Questa volta l'avventura in montagna diventa il campo per la ricerca della libertà.
O almeno di una pausa di libertà.
Felice Benuzzi con "No Picnic on Mount Kenia" (scritto nel 1946 e uscito in Italia nel 1948 con il titolo di "Fuga sul Kenya") ci racconta non solo una spedizione ai limiti dell'assurdo, ma anche un il viaggio interiore di un uomo che deve scendere a patti con la Storia, la guerra e la sconfitta del suo mondo.
Un uomo che però non accetta di essere distrutto dagli eventi, ma vuole rialzarsi e vuole farlo coltivando e realizzando un sogno.
Nato a Vienna nel 1910 ma cresciuto a Trieste, Benuzzi è un alpinista della prima ora, esploratore delle Alpi Giulie con Emilio Comici.
La Storia dell'Italia fascista e coloniale orienta la sua vita verso un lavoro amministrativo ad Addis Abeba. E proprio sulla costa orientale viene fatto prigioniero dagli inglesi nel 1941 e internato in un Campo di prigionia dove passerà tutta la guerra fino alla liberazione nel 1946.
Ovviamente nella galleria degli orrori della seconda guerra mondiale non è certo questo il testo in cui andare a cercare il male assoluto.
I campi di concentramento inglesi non avevano niente a che vedere con ben altri campi di sterminio e si potrebbe certamente obiettare che il nostro autore si trovasse dalla parte sbagliata della Storia.
Questo l'autore lo sa e fortunatamente non è questo lo spirito con cui scrive il libro, nella sua narrazione non si trova infatti apologia per il passato, quanto lo smarrimento degli uomini davanti ad un presente che non controllano e verso un futuro che non riescono ad immaginare.

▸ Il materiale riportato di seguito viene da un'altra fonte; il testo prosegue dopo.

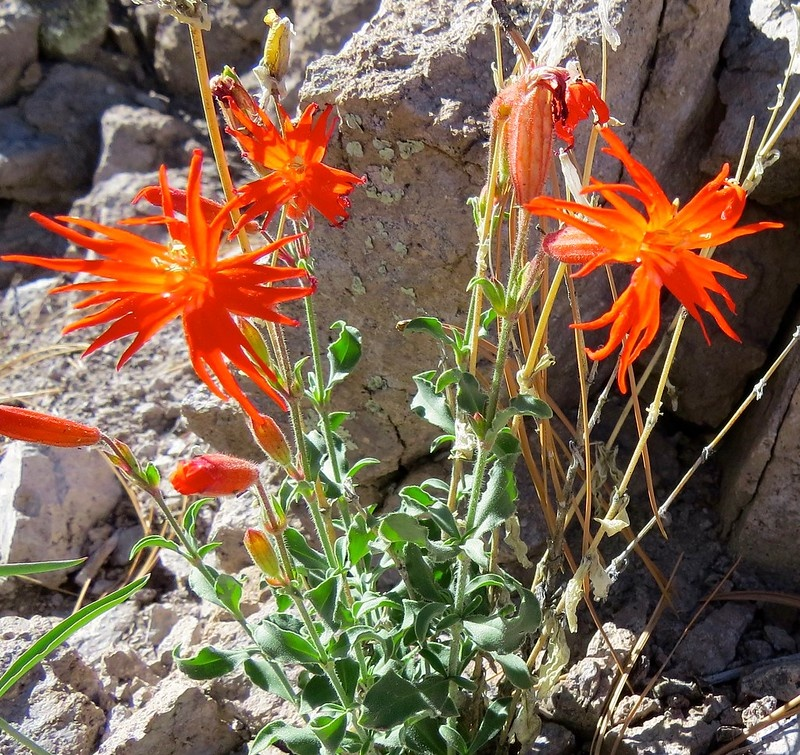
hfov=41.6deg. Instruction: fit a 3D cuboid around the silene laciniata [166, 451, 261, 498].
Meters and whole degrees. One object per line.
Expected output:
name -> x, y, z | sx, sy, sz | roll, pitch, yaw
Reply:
silene laciniata -> -0.400, 0.205, 2.240 | 0.157, 0.090, 0.074 | 7, 61, -27
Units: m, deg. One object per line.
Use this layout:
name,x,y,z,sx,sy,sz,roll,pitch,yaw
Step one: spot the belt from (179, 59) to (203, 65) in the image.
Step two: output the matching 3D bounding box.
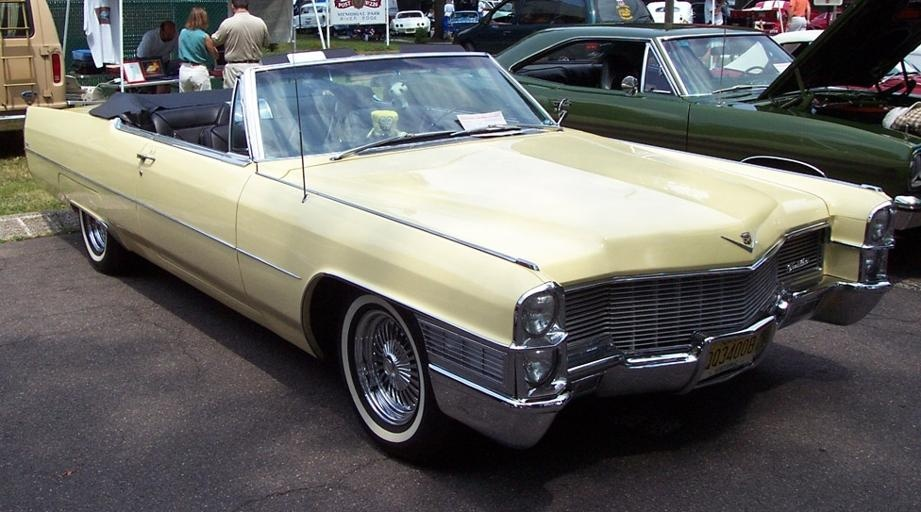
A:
belt,-5.006,-3.645,11.281,0.204,0.046,0.191,4,6,20
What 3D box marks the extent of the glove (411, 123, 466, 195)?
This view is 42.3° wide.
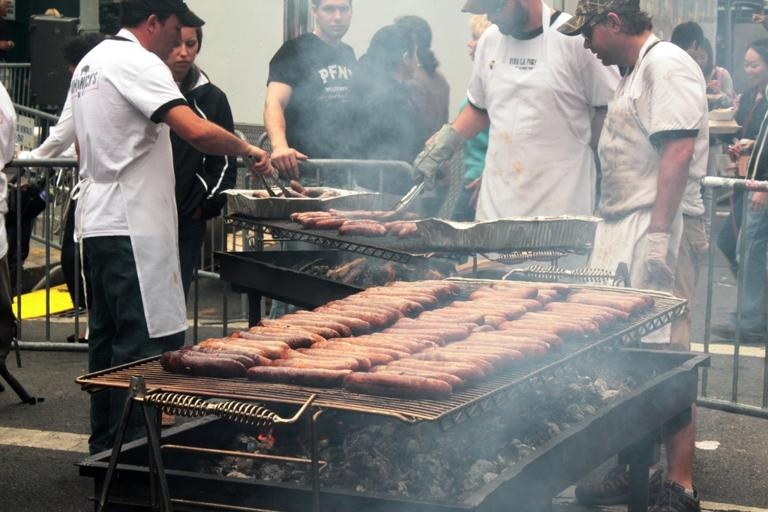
[{"bbox_3d":[0.355,-0.677,6.967,0.479,0.274,0.172,-44,-1,-24],"label":"glove"}]

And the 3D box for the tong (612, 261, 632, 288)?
[{"bbox_3d":[1.469,0.116,6.135,0.153,0.215,0.071,-1,-8,25],"label":"tong"}]

Benuzzi ci racconta il Campo come un concentrato di umanità, di tipi umani e di storie:
"Dopo un viaggio di trentasei ore dalla costa, la lunga tradotta dei prigionieri si arrestò fuori d'una stazioncina sull'altopiano. Nel mezzo della piana che pareva sconfinata, arsa com'era dal sole equatoriale di mezzodì, luccicavano come la distesa d'acqua di una fata Morgana, i tetti di lamiera zincata di centinaia e centinaia di baracche, racchiuse in reticolati che si indovianavano tra le torrette di guardia delle sentinelle. Solo a guardarle ci si strinse il cuore. (...) A testa china, messi per quattro, cominciammo a muoverci anche noi sotto il calore schiacciante strascicando il passo. L'immenso serpente lento e muto si snodava nel polverone come se si avviasse verso il nulla. Mi vennero in mente certi film con colonne di deportati nel turbinio della neve in Siberia. Arrivammo alla soglia del campo che si ci era stato detto sarebbe stato il campo definitivo. Definitivo: che parola terribile!" |
Nel 'campo', in questo non-luogo, orgogliosa invenzione della contemporaneità le vite, le abitudini e le speranze di ognuno si frantumano perdendo i propri punti di riferimento materiali e mentali creando una strana umanità sospesa:
"Campo di concentramento, non c'è che dire, è un termine esattissimo. Ci si trova ogni tipo umano, ogni carattere. Umanità allo stato concentrato, saturo direi, umanità in conserva. Il captivus vulgaris, come qualcuno ha voluto denominare scientificamente il prigioniero di guerra italiano nell'East Africa, non è dunque una sottospecie dell'homo sapiens, ma in un certo senso una superspecie, perchè e l'Homo (cosidetto) sapiens concentrato. Si. Ce n'è proprio di tutti i tipi, giovani e vecchi, malati e sani, pazzi e savi, onesti e farabutti, terroni e polentoni, ottimisti e pessimisti... ragazzi generosi e carogne maledette." |
E in tutta questa 'commedia umana' cosa c'entra la montagna?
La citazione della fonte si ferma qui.